I raised my hand to the ump, asking for time. Then I stepped out of the box and stood watching the geese fly by. I murmured something like, "Would you look at that..."

Behind me, the other team's catcher simply exploded. "What the fuck are you doing? Play ball, asshole!

Huh. Priorities.

Let us propose that there are two extremes in the male psyche, always at war with each other. Let us further propose that it's that war in our heads that is responsible for most of the bad craziness in the world today.

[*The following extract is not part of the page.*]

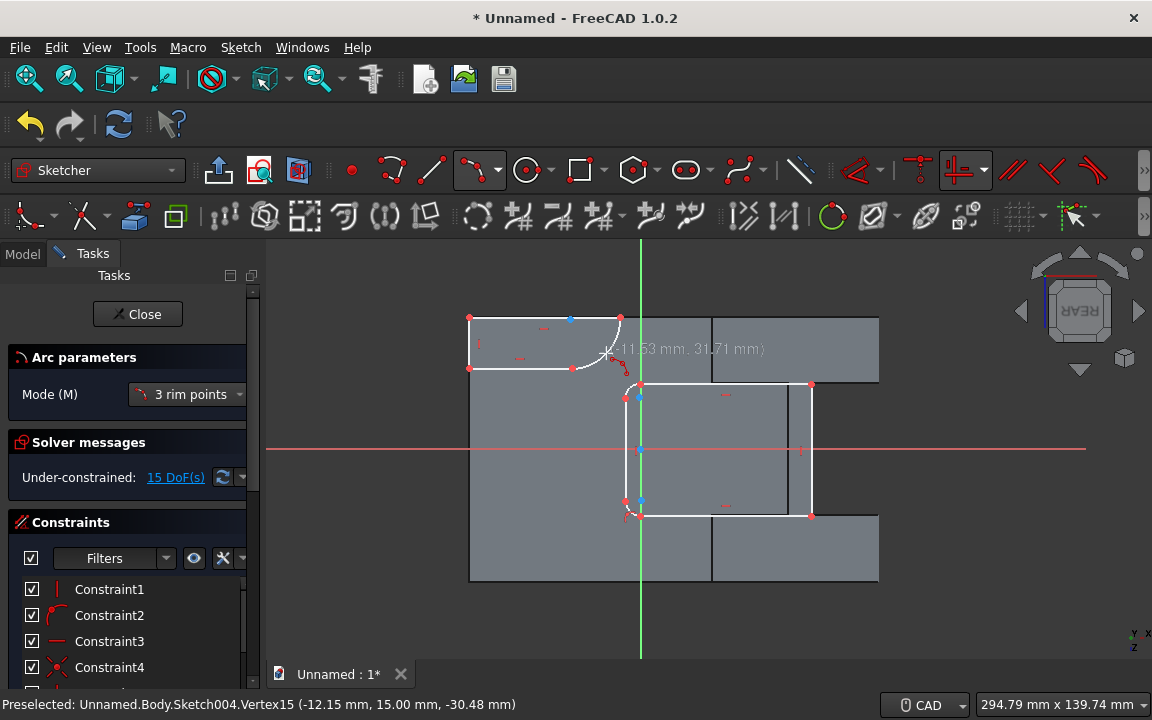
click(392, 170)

Religious and philosophical and literary smart guys have long recognized the problem, and sought to define it in various ways: Yin and Yang, Dionysus and Apollo, Stephen Dedalus and Buck Mulligan, intuition and rationality. They all agree that when the two halves are in balance, sanity reigns.

Ah, what a crock of shit.

Bill Lee has written a new book, describing his life after his 1984 banishment from baseball for possession of Yin with intent to distribute, and criminal dearth of Yang. He's knocked around various pro-am, semi-pro, and other, downright weird back alleys of non-major-league ball. What's beautifully evident is that he's lost none of the wonderful cranky eccentricity that made me admire him so the first time around.

Among his exploits was a run for the American Presidency in 1988 on the Canadian Rhinoceros Party ticket -- a Dadaist political party with stated aims to "... abolish the environment rather than protect it on the grounds that it took up too much space to keep clean.... Bulldoze the Rocky Mountains so that Alberta could receive a few extra minutes of daylight.... Paint the White House pink and turn it into a Mexican restaurant.... A ban on guns and butter, since they both killed."

Hell, I'd have voted for him if I'd only known.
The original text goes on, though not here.